Problem description: Look for "Answer" in the material below and show each line that contains it.

Supplied material:
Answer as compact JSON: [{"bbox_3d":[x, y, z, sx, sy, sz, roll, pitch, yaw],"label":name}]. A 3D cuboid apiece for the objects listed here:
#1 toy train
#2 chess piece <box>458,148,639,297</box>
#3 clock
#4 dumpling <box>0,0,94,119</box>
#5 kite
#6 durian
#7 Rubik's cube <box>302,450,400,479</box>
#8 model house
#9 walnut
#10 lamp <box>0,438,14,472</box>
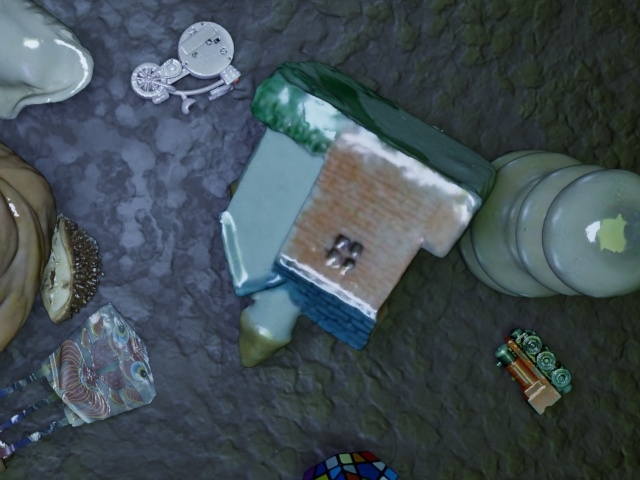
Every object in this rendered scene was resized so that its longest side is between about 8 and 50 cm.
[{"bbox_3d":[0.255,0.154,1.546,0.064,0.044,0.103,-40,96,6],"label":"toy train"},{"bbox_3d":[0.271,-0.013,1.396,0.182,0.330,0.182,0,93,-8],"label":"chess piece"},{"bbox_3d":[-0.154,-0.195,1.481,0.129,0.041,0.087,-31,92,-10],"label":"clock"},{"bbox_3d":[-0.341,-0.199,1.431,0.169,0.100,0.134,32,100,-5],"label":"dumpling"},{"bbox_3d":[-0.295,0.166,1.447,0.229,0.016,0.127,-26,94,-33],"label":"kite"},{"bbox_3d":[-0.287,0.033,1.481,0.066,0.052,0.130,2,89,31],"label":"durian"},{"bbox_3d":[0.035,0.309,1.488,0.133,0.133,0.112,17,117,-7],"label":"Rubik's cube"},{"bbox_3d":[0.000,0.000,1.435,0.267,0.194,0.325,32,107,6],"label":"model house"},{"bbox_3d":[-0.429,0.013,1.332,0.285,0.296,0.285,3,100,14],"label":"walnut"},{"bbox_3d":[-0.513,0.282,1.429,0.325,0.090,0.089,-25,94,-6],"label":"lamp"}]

--

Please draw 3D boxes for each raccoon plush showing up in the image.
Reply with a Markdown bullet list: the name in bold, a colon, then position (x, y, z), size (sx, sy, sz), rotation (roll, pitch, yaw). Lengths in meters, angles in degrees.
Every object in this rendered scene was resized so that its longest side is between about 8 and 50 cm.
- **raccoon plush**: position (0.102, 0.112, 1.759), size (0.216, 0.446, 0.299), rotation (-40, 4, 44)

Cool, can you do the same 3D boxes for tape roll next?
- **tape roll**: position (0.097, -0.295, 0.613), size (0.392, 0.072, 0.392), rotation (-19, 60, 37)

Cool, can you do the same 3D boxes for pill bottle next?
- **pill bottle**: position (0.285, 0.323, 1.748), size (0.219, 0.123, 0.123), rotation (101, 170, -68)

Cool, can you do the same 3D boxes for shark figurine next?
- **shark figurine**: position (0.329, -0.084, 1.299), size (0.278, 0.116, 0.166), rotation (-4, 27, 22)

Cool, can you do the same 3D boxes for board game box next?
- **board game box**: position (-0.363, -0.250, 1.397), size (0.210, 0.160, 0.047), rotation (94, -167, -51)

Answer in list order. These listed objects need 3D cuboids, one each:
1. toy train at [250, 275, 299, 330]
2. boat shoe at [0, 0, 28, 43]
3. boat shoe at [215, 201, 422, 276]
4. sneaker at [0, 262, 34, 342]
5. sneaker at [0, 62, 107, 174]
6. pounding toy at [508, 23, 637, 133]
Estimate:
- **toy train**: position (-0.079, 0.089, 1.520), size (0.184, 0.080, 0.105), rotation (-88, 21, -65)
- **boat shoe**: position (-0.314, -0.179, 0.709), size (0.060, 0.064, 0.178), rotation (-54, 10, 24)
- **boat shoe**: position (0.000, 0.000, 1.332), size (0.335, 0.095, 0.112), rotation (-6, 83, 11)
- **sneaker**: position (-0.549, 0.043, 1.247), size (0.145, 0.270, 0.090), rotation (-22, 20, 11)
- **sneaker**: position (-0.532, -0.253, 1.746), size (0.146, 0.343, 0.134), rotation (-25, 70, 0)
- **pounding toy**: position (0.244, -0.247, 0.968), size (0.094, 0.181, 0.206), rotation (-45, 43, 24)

---

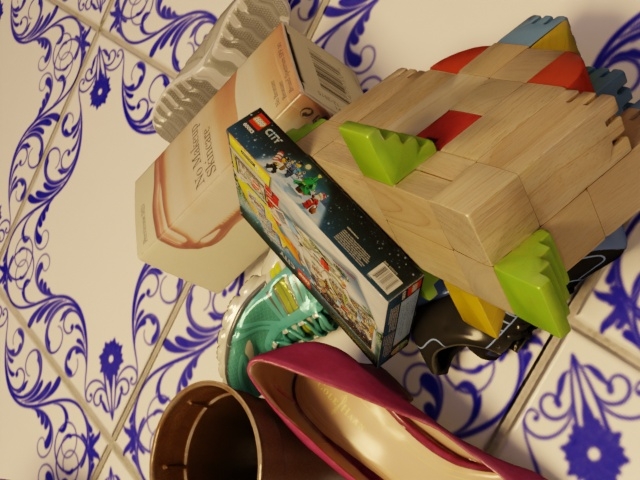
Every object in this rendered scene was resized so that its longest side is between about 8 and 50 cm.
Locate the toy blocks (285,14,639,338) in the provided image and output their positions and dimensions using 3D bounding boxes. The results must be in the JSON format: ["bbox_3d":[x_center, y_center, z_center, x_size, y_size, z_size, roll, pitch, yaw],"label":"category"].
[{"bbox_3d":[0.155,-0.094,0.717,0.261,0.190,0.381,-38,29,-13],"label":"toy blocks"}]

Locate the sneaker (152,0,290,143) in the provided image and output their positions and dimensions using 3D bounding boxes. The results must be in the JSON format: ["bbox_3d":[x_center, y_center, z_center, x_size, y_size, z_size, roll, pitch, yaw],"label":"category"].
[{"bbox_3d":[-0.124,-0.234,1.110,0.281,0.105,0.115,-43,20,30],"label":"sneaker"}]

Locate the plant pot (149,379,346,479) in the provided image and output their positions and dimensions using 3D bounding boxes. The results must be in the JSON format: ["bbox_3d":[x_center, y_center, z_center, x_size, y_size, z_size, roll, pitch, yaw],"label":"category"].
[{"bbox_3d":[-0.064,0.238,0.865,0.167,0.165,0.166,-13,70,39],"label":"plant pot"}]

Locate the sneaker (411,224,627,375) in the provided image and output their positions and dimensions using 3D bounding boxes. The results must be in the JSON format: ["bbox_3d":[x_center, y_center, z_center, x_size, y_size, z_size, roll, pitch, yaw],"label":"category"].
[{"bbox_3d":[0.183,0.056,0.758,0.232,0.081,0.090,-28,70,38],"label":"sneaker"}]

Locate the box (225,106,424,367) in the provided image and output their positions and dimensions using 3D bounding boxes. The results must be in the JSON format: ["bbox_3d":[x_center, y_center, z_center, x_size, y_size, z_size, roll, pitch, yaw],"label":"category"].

Output:
Answer as compact JSON: [{"bbox_3d":[x, y, z, sx, sy, sz, roll, pitch, yaw],"label":name}]. A 3D cuboid apiece for the objects listed here:
Answer in list order. These listed objects need 3D cuboids, one each:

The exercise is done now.